Task item: Print the line containing "Is the number" and all lines after it to the end of the records below, exactly as written. No pictures.

Excerpts from a dataset:
····················
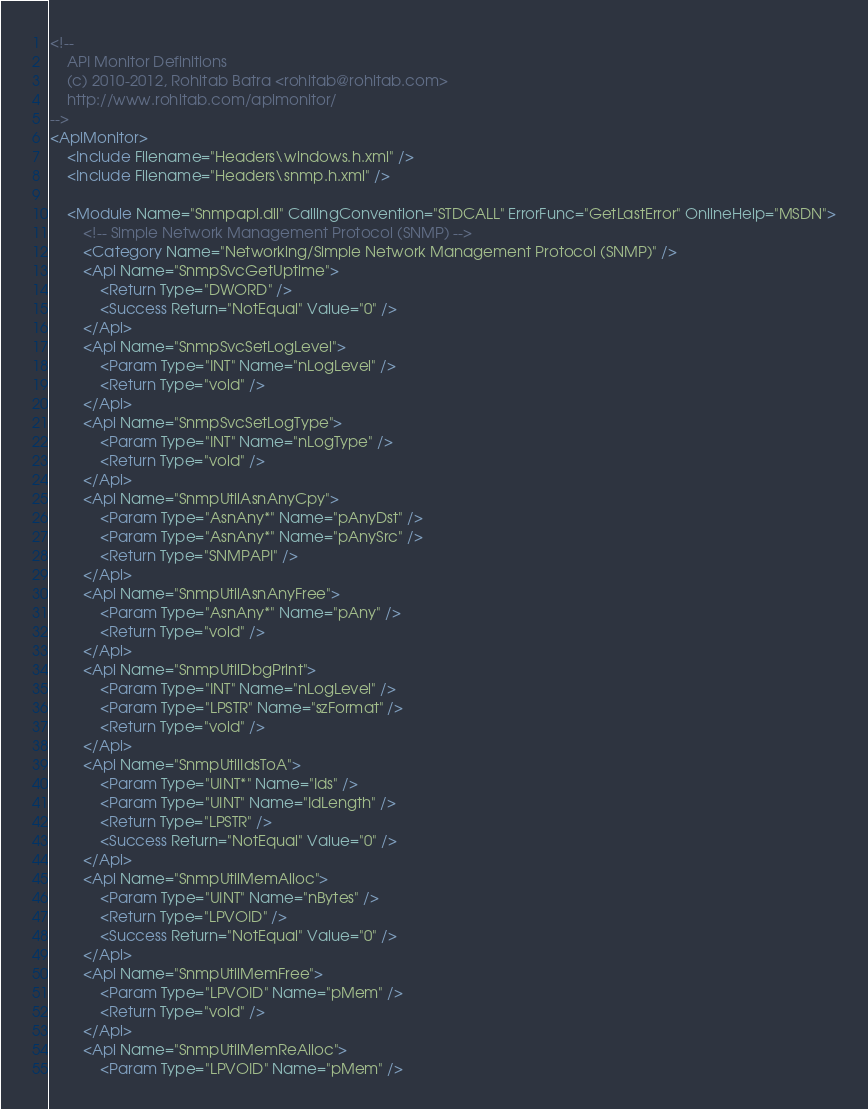<code> <loc_0><loc_0><loc_500><loc_500><_XML_><!--
    API Monitor Definitions
    (c) 2010-2012, Rohitab Batra <rohitab@rohitab.com>
    http://www.rohitab.com/apimonitor/
-->
<ApiMonitor>
    <Include Filename="Headers\windows.h.xml" />
    <Include Filename="Headers\snmp.h.xml" />
    
    <Module Name="Snmpapi.dll" CallingConvention="STDCALL" ErrorFunc="GetLastError" OnlineHelp="MSDN">
        <!-- Simple Network Management Protocol (SNMP) -->
        <Category Name="Networking/Simple Network Management Protocol (SNMP)" />
        <Api Name="SnmpSvcGetUptime">
            <Return Type="DWORD" />
            <Success Return="NotEqual" Value="0" />
        </Api>
        <Api Name="SnmpSvcSetLogLevel">
            <Param Type="INT" Name="nLogLevel" />
            <Return Type="void" />
        </Api>
        <Api Name="SnmpSvcSetLogType">
            <Param Type="INT" Name="nLogType" />
            <Return Type="void" />
        </Api>
        <Api Name="SnmpUtilAsnAnyCpy">
            <Param Type="AsnAny*" Name="pAnyDst" />
            <Param Type="AsnAny*" Name="pAnySrc" />
            <Return Type="SNMPAPI" />
        </Api>
        <Api Name="SnmpUtilAsnAnyFree">
            <Param Type="AsnAny*" Name="pAny" />
            <Return Type="void" />
        </Api>
        <Api Name="SnmpUtilDbgPrint">
            <Param Type="INT" Name="nLogLevel" />
            <Param Type="LPSTR" Name="szFormat" />
            <Return Type="void" />
        </Api>
        <Api Name="SnmpUtilIdsToA">
            <Param Type="UINT*" Name="Ids" />
            <Param Type="UINT" Name="IdLength" />
            <Return Type="LPSTR" />
            <Success Return="NotEqual" Value="0" />
        </Api>
        <Api Name="SnmpUtilMemAlloc">
            <Param Type="UINT" Name="nBytes" />
            <Return Type="LPVOID" />
            <Success Return="NotEqual" Value="0" />
        </Api>
        <Api Name="SnmpUtilMemFree">
            <Param Type="LPVOID" Name="pMem" />
            <Return Type="void" />
        </Api>
        <Api Name="SnmpUtilMemReAlloc">
            <Param Type="LPVOID" Name="pMem" /></code> 
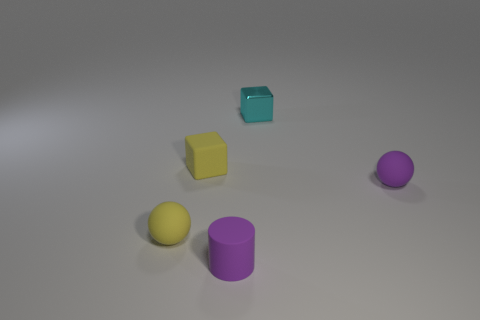Is the number of shiny objects in front of the small cyan metallic cube the same as the number of purple rubber cylinders behind the small matte cylinder?
Your answer should be very brief. Yes. How many cylinders have the same size as the cyan thing?
Give a very brief answer. 1. How many yellow things are cylinders or tiny things?
Your answer should be very brief. 2. Are there an equal number of cyan metallic blocks that are on the left side of the small cyan thing and tiny yellow blocks?
Give a very brief answer. No. How big is the purple matte object to the right of the tiny cyan shiny thing?
Your answer should be very brief. Small. What number of tiny green rubber things have the same shape as the shiny object?
Give a very brief answer. 0. What is the tiny thing that is behind the small purple matte ball and to the left of the shiny object made of?
Provide a succinct answer. Rubber. Do the yellow sphere and the small cyan thing have the same material?
Ensure brevity in your answer.  No. What number of tiny red rubber spheres are there?
Make the answer very short. 0. What is the color of the small ball to the right of the small purple object left of the small ball that is on the right side of the small metallic block?
Ensure brevity in your answer.  Purple. 
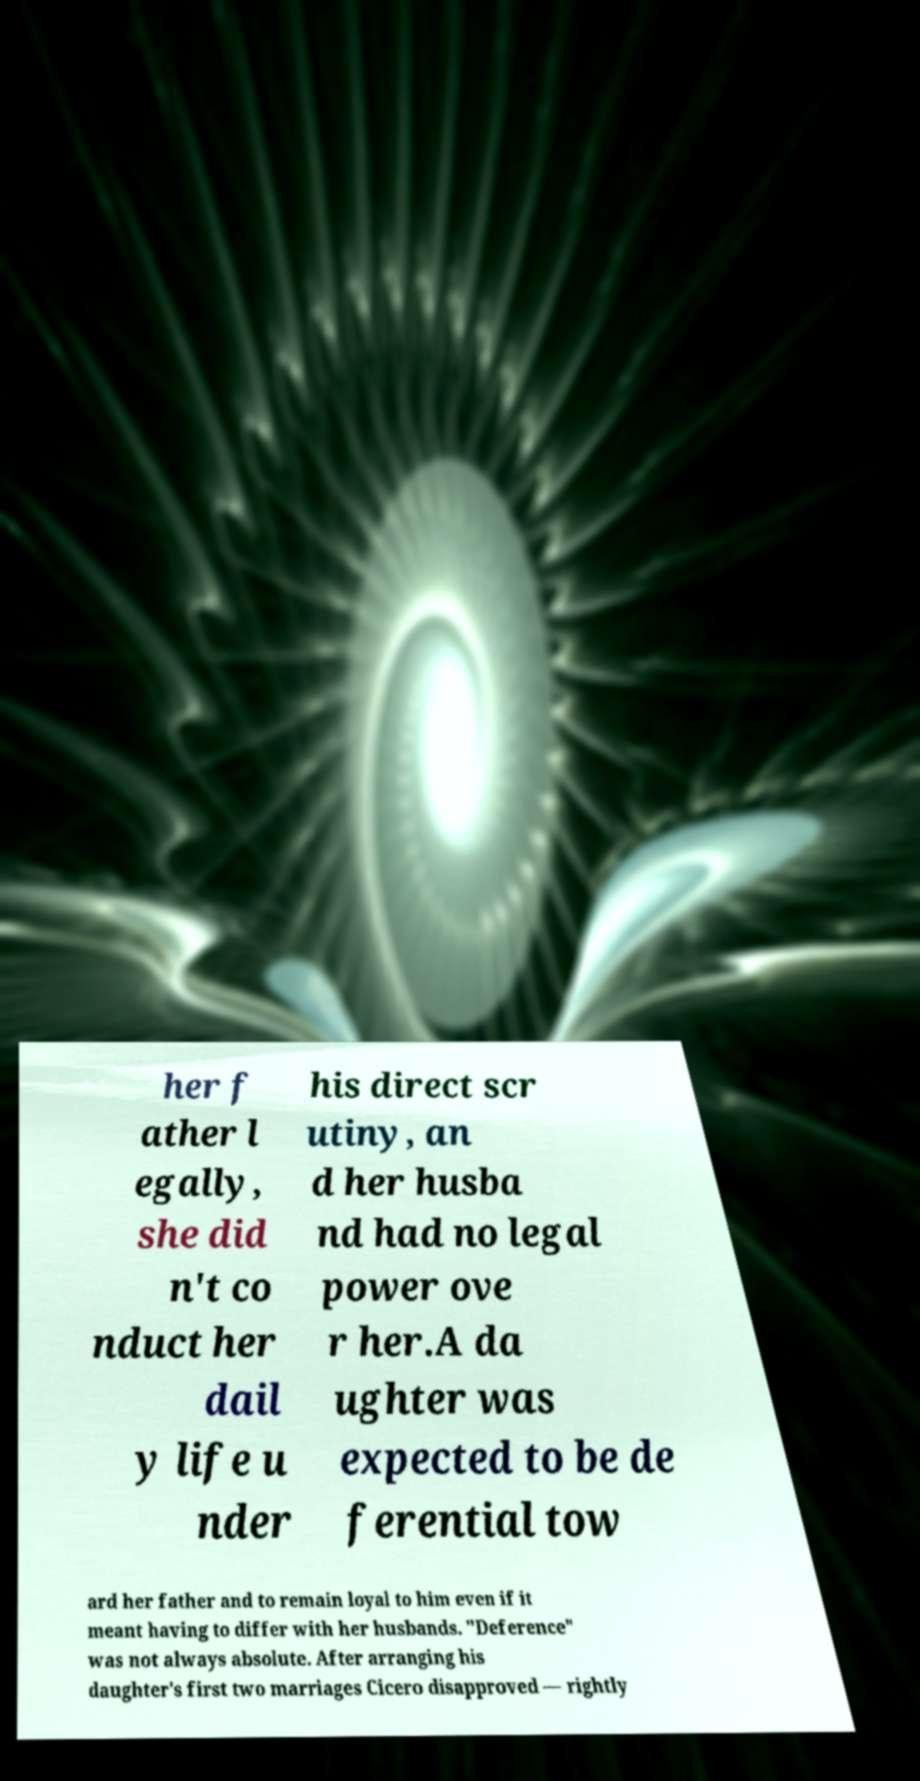Please identify and transcribe the text found in this image. her f ather l egally, she did n't co nduct her dail y life u nder his direct scr utiny, an d her husba nd had no legal power ove r her.A da ughter was expected to be de ferential tow ard her father and to remain loyal to him even if it meant having to differ with her husbands. "Deference" was not always absolute. After arranging his daughter's first two marriages Cicero disapproved — rightly
····················
Answer area:
Is the number of shiny objects in front of the small cyan metallic cube the same as the number of purple rubber cylinders behind the small matte cylinder?
Your answer should be very brief. Yes. How many cylinders have the same size as the cyan thing?
Give a very brief answer. 1. How many yellow things are cylinders or tiny things?
Your answer should be very brief. 2. Are there an equal number of cyan metallic blocks that are on the left side of the small cyan thing and tiny yellow blocks?
Give a very brief answer. No. How big is the purple matte object to the right of the tiny cyan shiny thing?
Your answer should be very brief. Small. What number of tiny green rubber things have the same shape as the shiny object?
Give a very brief answer. 0. What is the tiny thing that is behind the small purple matte ball and to the left of the shiny object made of?
Provide a succinct answer. Rubber. Do the yellow sphere and the small cyan thing have the same material?
Ensure brevity in your answer.  No. What number of tiny red rubber spheres are there?
Make the answer very short. 0. What is the color of the small ball to the right of the small purple object left of the small ball that is on the right side of the small metallic block?
Ensure brevity in your answer.  Purple. 
Please identify and transcribe the text found in this image. her f ather l egally, she did n't co nduct her dail y life u nder his direct scr utiny, an d her husba nd had no legal power ove r her.A da ughter was expected to be de ferential tow ard her father and to remain loyal to him even if it meant having to differ with her husbands. "Deference" was not always absolute. After arranging his daughter's first two marriages Cicero disapproved — rightly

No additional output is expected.